Ein ganzheitliches Training, das Kraft-, Flexibilitäts- und Stabilitätsübungen umfasst, ist entscheidend, um muskuläre Dysbalancen zu vermeiden, das Verletzungsrisiko zu minimieren und die Leistung auf dem Golfplatz zu verbessern. Durch die Integration der oben genannten Übungen in dein Trainingsprogramm kannst du sicherstellen, dass du nicht nur spezifische Muskelgruppen, sondern deinen gesamten Körper stärkst und stabilisierst. So bist du bestens gerüstet, um dein volles Potenzial auf dem Golfplatz auszuschöpfen und gleichzeitig Verletzungen vorzubeugen.

Ein umfassendes Trainingsprogramm fördert nicht nur die physische Gesundheit, sondern auch das mentale Wohlbefinden. Regelmäßiges Training kann Stress reduzieren, die Konzentration verbessern und das allgemeine Wohlbefinden steigern, was sich positiv auf dein Spiel auswirkt. Darüber hinaus wird durch ein ganzheitliches Training die Ausdauer erhöht, was besonders bei längeren Golfrunden von Vorteil ist.

Durch die Einbindung von Krafttraining wird die Schlagkraft erhöht, was zu längeren und präziseren Schlägen führt. Flexibilitätsübungen sorgen dafür, dass dein Schwung flüssiger und effizienter wird, während Stabilitätsübungen dir helfen, die Kontrolle und Präzision in deinem Spiel zu verbessern. Die Integration von Cardiotraining stellt sicher, dass du auch über mehrere Stunden hinweg deine optimale Leistungsfähigkeit beibehalten kannst.

Letztendlich ist ein ausgewogenes Trainingsprogramm ein wichtiger Baustein für langfristigen Erfolg im Golf. Es ermöglicht dir, auf einem höheren Niveau zu spielen und dabei gesund und fit zu bleiben.
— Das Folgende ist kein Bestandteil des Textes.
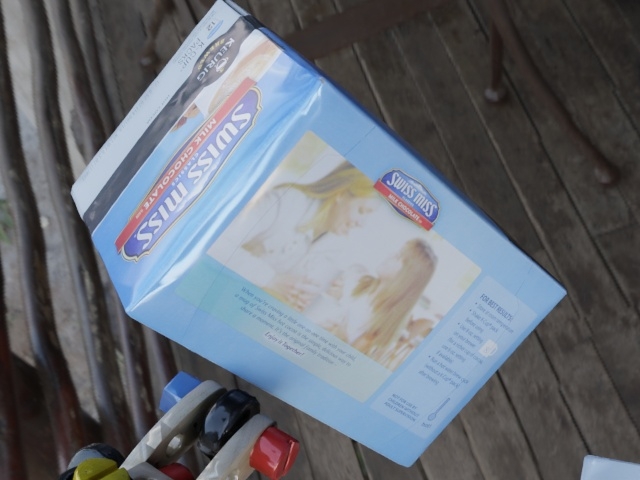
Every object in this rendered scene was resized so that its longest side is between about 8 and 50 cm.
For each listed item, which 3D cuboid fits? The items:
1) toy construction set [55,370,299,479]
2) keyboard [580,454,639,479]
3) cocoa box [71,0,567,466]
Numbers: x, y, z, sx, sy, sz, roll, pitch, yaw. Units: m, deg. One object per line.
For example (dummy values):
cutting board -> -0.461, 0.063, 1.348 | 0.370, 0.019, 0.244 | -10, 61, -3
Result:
toy construction set -> -0.118, 0.267, 0.658 | 0.309, 0.237, 0.257 | 48, 112, 13
keyboard -> 0.327, 0.229, 0.755 | 0.256, 0.014, 0.072 | 2, 66, 39
cocoa box -> 0.000, 0.000, 0.841 | 0.231, 0.347, 0.228 | -49, 36, 7
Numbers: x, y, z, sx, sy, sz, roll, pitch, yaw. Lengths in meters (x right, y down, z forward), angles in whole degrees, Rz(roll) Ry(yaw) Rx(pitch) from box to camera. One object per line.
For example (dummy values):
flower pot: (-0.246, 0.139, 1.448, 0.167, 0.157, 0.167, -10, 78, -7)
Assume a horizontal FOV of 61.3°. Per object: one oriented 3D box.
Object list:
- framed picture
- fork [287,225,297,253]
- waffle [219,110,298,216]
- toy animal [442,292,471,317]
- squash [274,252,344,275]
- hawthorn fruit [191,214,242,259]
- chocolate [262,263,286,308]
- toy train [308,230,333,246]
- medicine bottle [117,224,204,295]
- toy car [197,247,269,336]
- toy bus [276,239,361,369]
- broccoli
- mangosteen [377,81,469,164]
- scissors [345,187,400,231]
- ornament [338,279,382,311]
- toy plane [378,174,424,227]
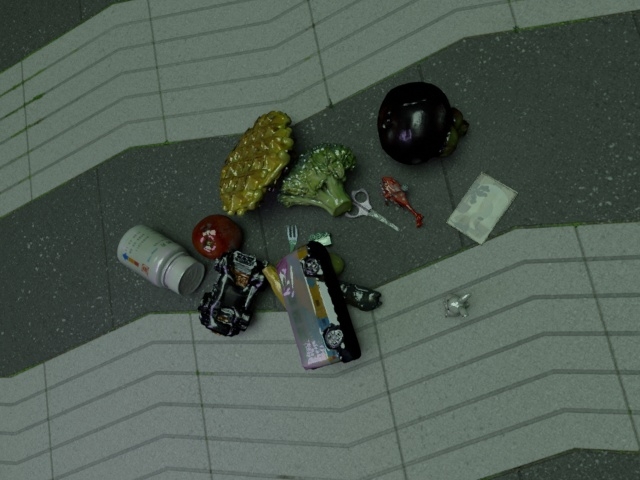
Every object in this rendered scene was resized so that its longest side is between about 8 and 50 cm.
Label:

Mit einem ganzheitlichen Ansatz kannst du nicht nur dein Spiel verbessern, sondern auch die Freude und Leidenschaft am Golf langfristig erhalten. Nutze diese Übungen, um deine Fitness und dein Golfspiel auf das nächste Level zu heben und dabei Verletzungen zu vermeiden.
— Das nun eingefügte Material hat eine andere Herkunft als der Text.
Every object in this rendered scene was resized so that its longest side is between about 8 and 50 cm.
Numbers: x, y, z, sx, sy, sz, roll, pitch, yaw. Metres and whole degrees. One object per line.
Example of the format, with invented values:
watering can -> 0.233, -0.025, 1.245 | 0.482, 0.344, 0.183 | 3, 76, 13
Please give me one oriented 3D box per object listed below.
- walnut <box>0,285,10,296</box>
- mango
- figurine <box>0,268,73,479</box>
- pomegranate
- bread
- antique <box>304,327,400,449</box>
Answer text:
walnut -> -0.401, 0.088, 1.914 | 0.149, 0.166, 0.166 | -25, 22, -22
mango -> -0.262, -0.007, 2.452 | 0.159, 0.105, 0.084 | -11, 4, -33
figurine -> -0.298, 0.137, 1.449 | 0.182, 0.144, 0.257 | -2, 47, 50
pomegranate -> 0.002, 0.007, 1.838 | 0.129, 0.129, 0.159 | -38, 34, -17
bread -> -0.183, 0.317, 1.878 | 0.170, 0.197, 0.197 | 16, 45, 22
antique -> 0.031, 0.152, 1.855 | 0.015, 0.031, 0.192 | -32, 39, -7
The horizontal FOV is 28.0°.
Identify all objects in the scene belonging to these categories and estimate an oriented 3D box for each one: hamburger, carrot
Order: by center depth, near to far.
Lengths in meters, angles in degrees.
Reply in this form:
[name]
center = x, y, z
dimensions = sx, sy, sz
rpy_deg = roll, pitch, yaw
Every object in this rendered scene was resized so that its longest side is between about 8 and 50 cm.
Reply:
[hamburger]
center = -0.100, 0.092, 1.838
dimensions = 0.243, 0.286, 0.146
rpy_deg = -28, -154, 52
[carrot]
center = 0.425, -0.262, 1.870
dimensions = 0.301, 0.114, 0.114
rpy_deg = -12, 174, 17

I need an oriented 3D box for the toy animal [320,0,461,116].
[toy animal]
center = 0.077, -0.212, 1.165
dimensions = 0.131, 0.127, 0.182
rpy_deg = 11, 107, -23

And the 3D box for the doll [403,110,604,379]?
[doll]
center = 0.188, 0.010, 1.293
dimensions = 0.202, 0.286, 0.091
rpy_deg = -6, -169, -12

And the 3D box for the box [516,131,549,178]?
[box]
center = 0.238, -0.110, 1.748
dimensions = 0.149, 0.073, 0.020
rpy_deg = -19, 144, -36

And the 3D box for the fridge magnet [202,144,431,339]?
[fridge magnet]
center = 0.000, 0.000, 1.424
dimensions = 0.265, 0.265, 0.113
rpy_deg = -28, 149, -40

FAQ – Häufige Fragen zum Golftraining und Verletzungsvermeidung

Wie oft sollte ich pro Woche für mein Golfspiel trainieren?

3 bis 5 Trainingseinheiten pro Woche, verteilt auf Kraft-, Flexibilitäts- und Stabilitätstraining, gelten als sinnvoller Richtwert für ambitionierte Freizeitgolfer. Wichtig ist dabei, mindestens einen vollständigen Ruhetag pro Woche einzuplanen, damit sich die Muskulatur regenerieren kann.

Welche Muskelgruppen sind beim Golfschwung am stärksten beteiligt?

Hauptsächlich Rumpf-, Schulter- und Hüftmuskulatur sowie die Unterarme tragen die Hauptlast des Schwungs. Da diese Muskeln durch die einseitige Drehbewegung stark beansprucht werden, sollte gezielt die gegenüberliegende Muskulatur trainiert werden, um Dysbalancen zu vermeiden.

Ab welchem Alter sollte ich mein Training an den Golfsport anpassen?

Ab etwa 40 Jahren nimmt die natürliche Beweglichkeit ab, weshalb Flexibilitätsübungen dann einen höheren Stellenwert im Trainingsplan bekommen sollten. Gleichzeitig empfiehlt sich ab diesem Alter ein stärkerer Fokus auf Stabilitätsübungen, um Gelenke und Sehnen gezielt zu schützen.

Wie lange dauert es, bis sich Verbesserungen im Golfschwung durch Training zeigen?

Erste spürbare Effekte in Beweglichkeit und Rumpfstabilität zeigen sich häufig bereits nach 4 bis 6 Wochen regelmäßigen Trainings. Deutliche Verbesserungen in Schlagweite und Schwungkonsistenz sind meist nach 8 bis 12 Wochen kontinuierlichen Trainings messbar.